花巻市の先人の業績の概要について紹介しています。

200 件の情報が見つかりました。

氏名 地区 業績
柳原昌悦やなぎわら しょうえつ 石鳥谷 ”宮沢賢治の教え子で自らも教育に尽くした”
 明治42年(1909年)8月10日、八幡の江曽で生まれる。八幡尋常小学校、県立花巻農学校、岩手師範学校を卒業後、教職にあたった。花巻農学校時代に賢治から一年程度の教えを受け、卒業後も親交を深めていった。賢治の妹トシの亡き後、トシが使用していたバイオリンが昌悦に贈られた。宮沢賢治が最後に柳原昌悦に宛てた手紙には助言が残されている。平成元年(1989年)2月12日、80歳で亡くなった。賢治からの手紙やバイオリンは、現在宮沢賢治記念館に寄贈されている。

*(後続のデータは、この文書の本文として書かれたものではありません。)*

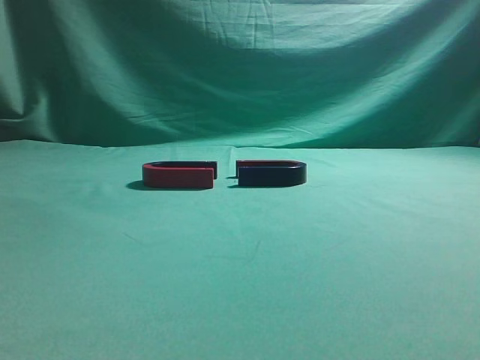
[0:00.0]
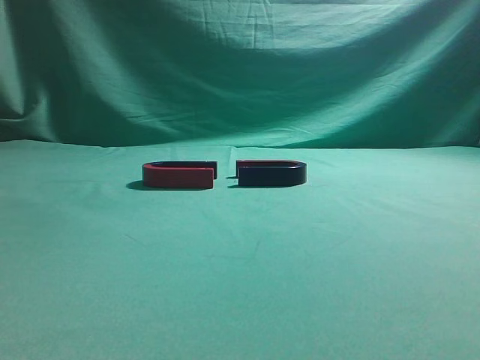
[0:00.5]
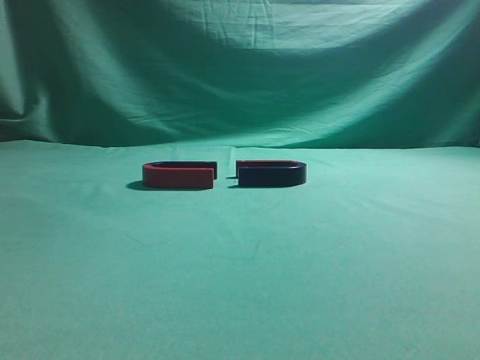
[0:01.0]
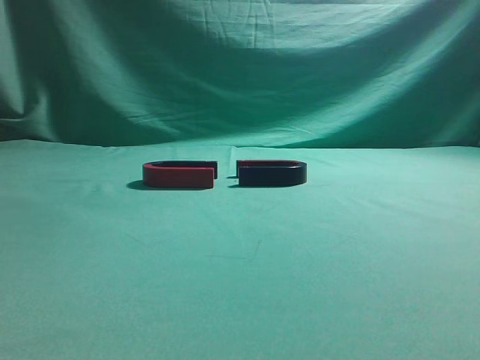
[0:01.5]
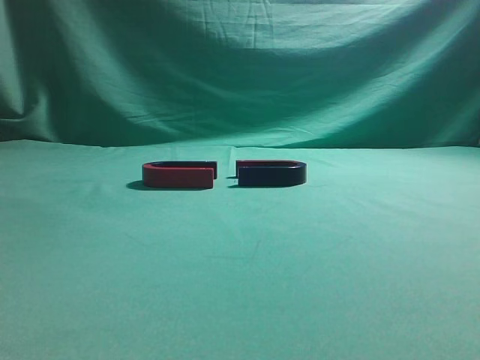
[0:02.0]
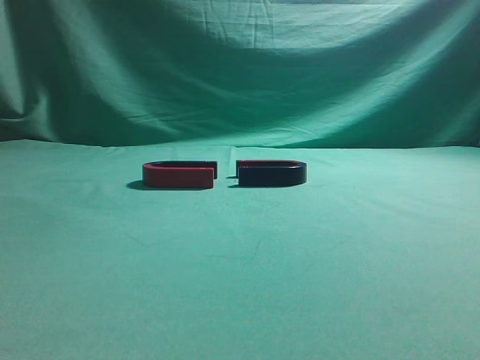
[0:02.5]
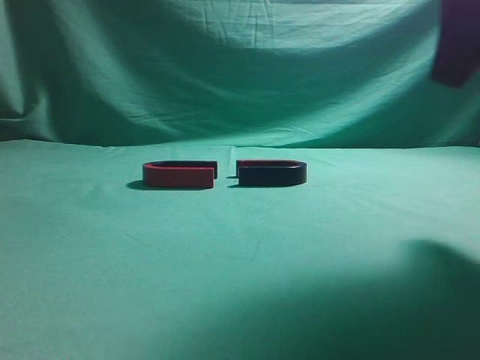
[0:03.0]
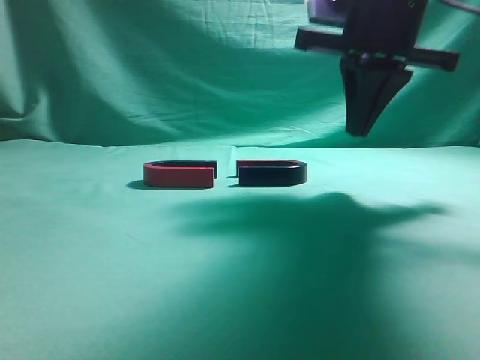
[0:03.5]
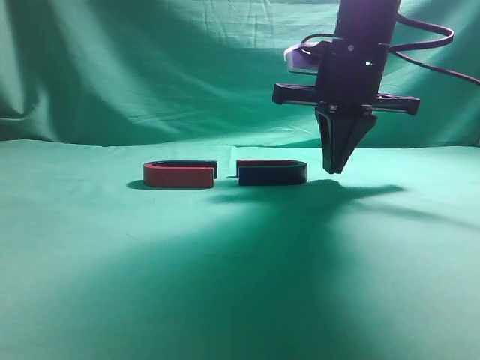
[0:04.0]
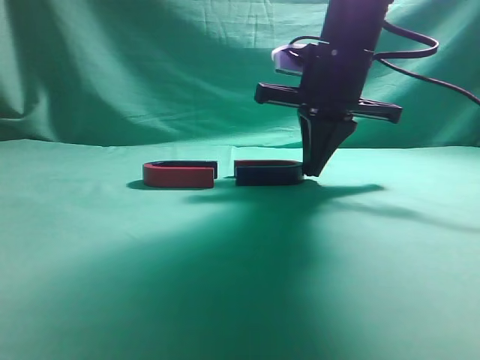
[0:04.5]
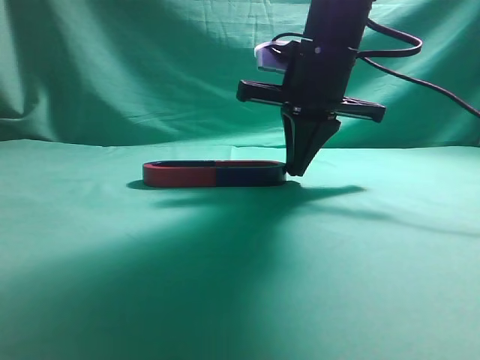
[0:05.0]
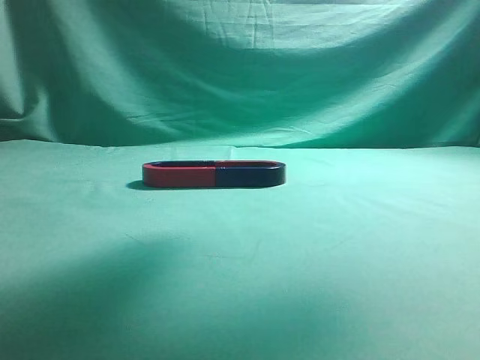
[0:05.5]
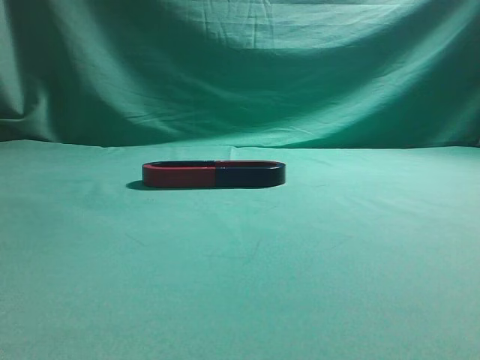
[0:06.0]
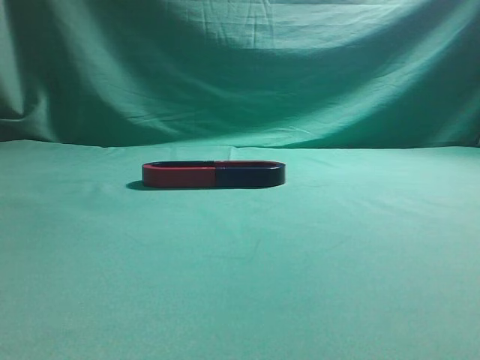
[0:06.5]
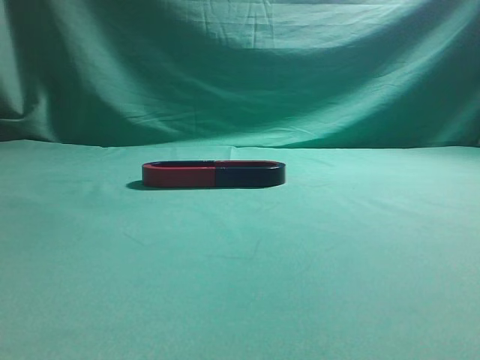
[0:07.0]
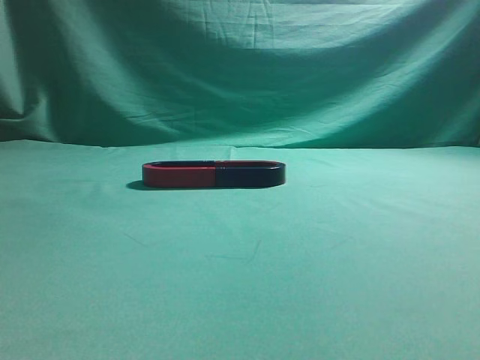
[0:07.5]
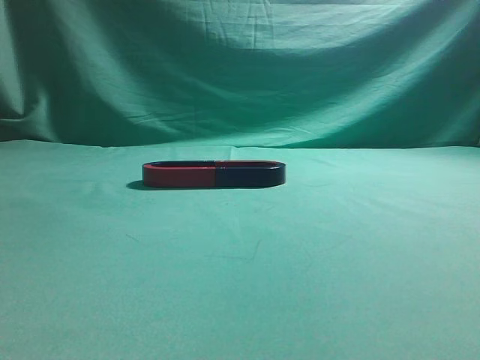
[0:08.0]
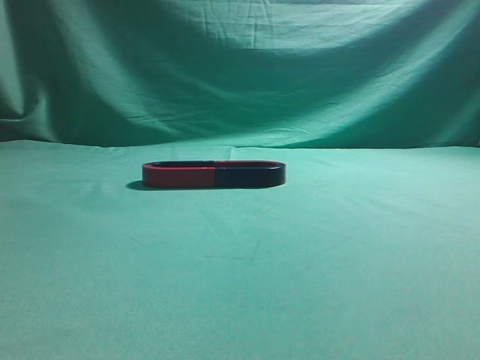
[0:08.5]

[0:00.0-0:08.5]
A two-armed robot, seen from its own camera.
Task of the whole recording: push the magnet on the table from its original position to another position.
Step, 0:00.0 to 0:05.0: Push the magnet on the right to connect the magnet on the left.
0:02.0 to 0:04.0: The right gripper shifts roughly 35 cm forward and to the left.
0:04.0 to 0:06.5: The right gripper heads backward and upward, covering about 40 cm.
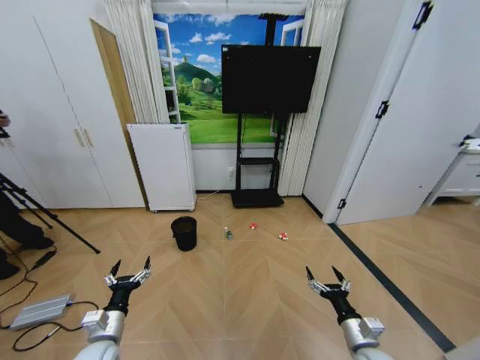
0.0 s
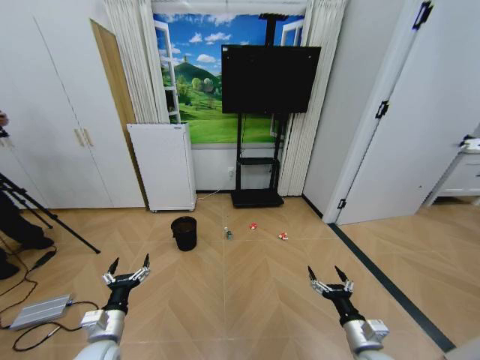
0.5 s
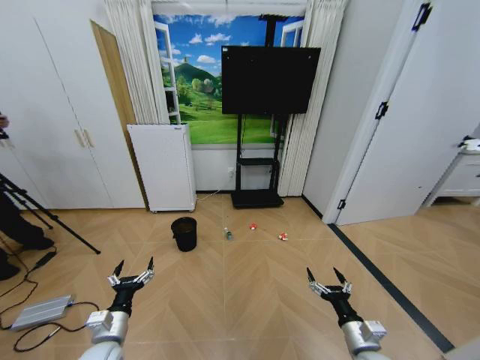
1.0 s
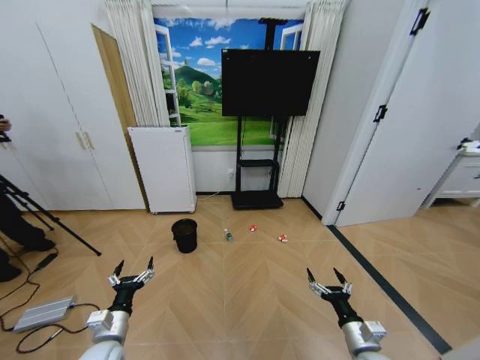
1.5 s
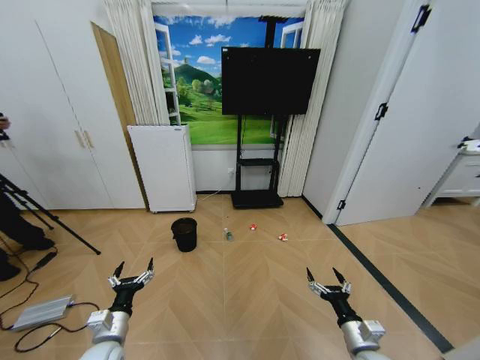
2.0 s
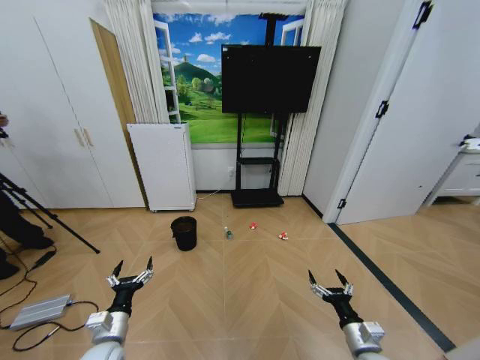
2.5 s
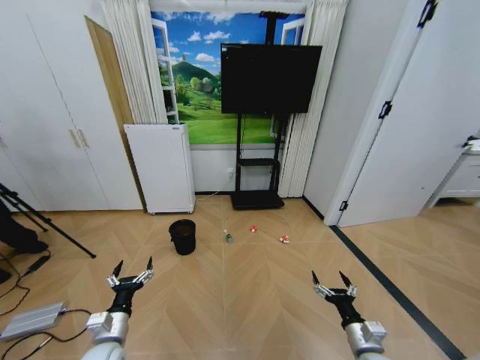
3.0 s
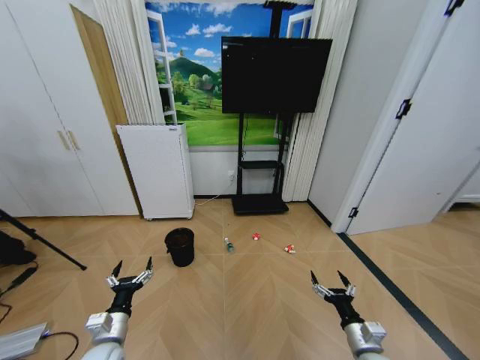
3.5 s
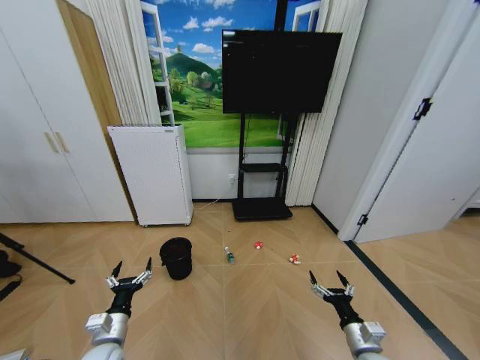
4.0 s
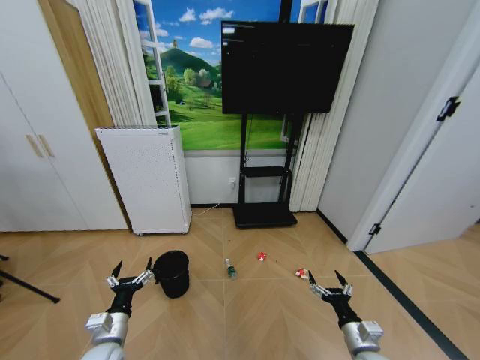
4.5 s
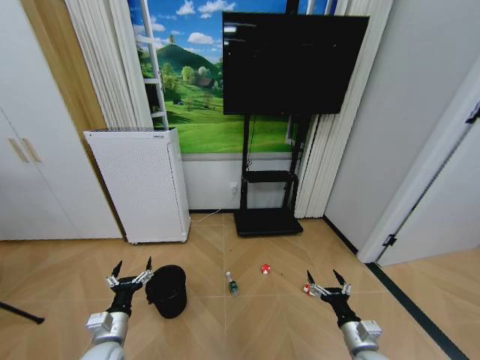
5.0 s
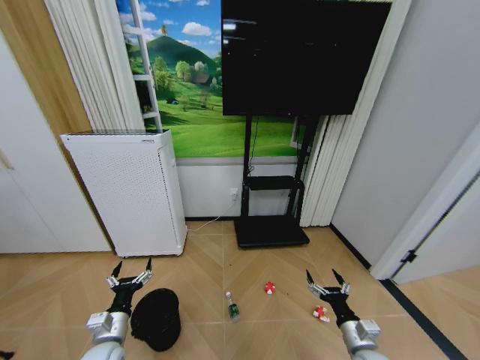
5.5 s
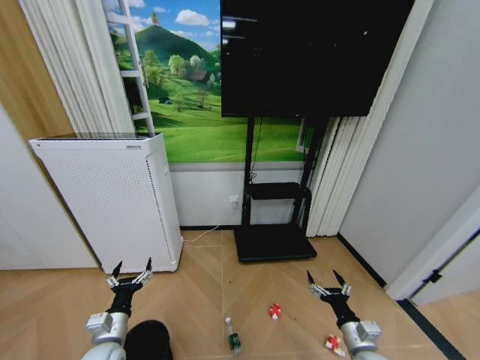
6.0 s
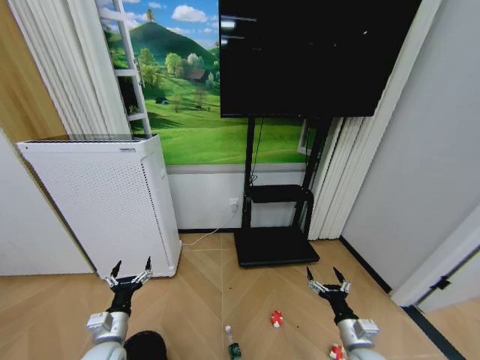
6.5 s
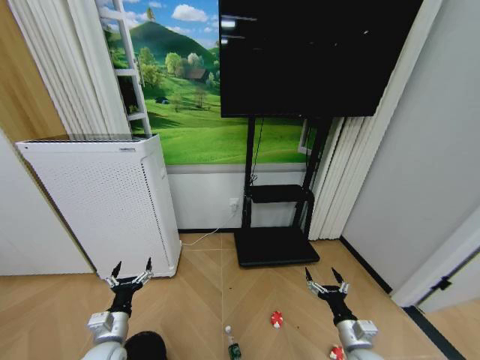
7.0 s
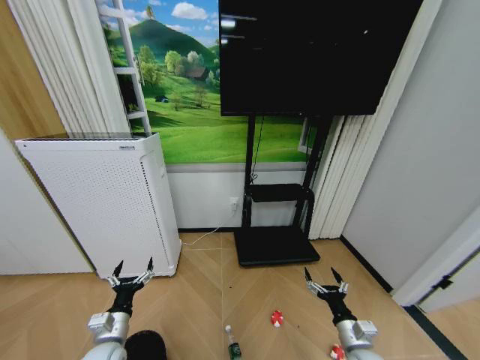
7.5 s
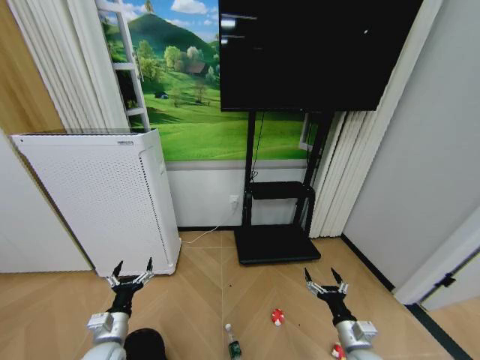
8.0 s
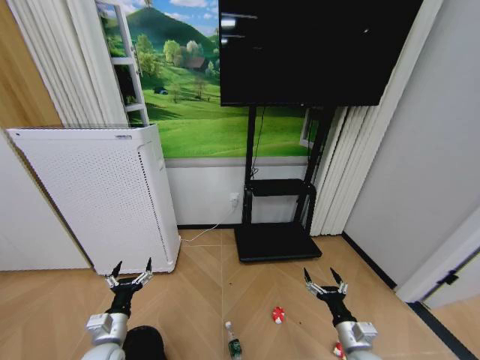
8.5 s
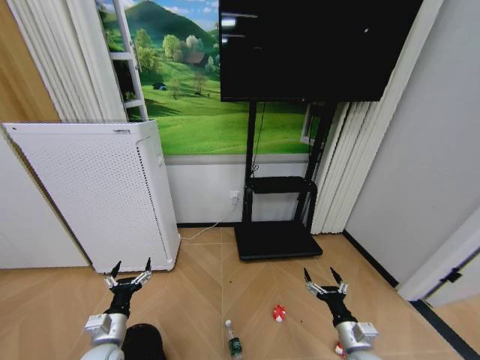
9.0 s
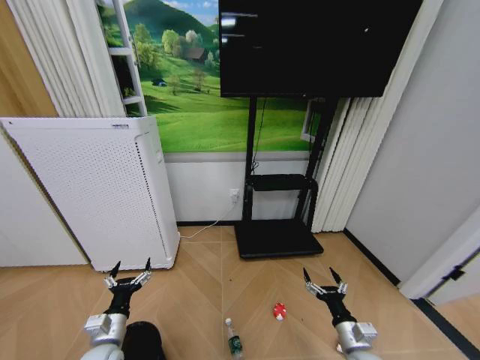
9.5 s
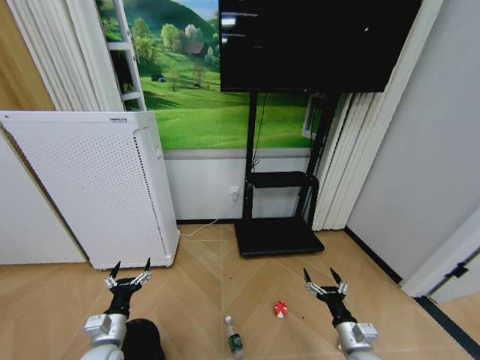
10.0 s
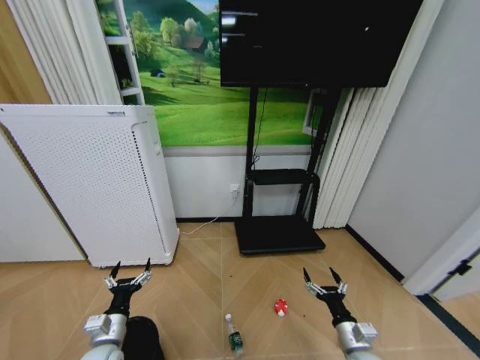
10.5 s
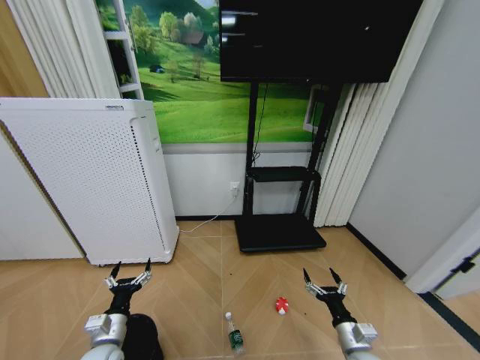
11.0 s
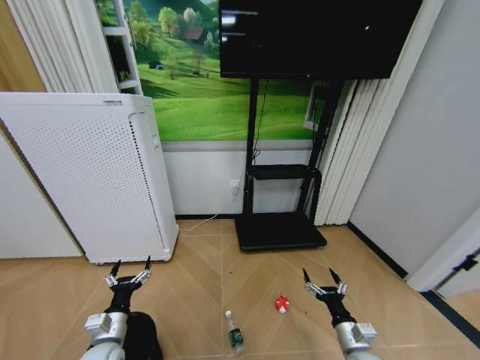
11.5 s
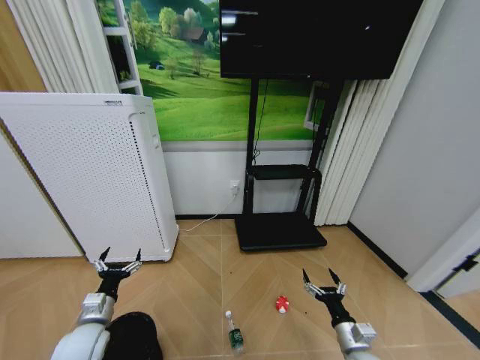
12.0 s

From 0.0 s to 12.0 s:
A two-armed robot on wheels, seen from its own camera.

谷村貞治やむら ていじ 石鳥谷 ”谷村学院を創設「漢字テレプリンター」を開発し、「みちのくの電信王」と呼ばれる”
明治29年(1896年)3月19日、新堀の上郷で生まれる。中央逓信局電信で電信工夫として勤めながら、電気学校(現東京電気大学)夜間部と英語学校に入学し、勉強に励んだ。大正13年に英国資本のサミュエル商会から招聘を受け、電信機の開発にあたった。やがて仮名文字式電信機を開発した。昭和12年(1937年)6月に独立し東京浦田に新興製作所を創設したが、20年の東京大空襲で工場が焼失した際に花巻に本拠を移した。昭和30年、漢字や記号を含めた文字の送受信・即印字を可能にした、「谷村式テレプリンター」を完成させた。実業家としてだけではなく、衆議院議員、自民党連合会長、県政顧問、県総合開発審議委員、みちのくコカコーラボトリングなどの要職を歴任したほか、新堀公民館や石鳥谷公民館(元商工会館)、花巻公民館などの建設、人材育成、文化事業にも多く私財を投じた。昭和43年(1968年)4月20日、72歳で亡くなった。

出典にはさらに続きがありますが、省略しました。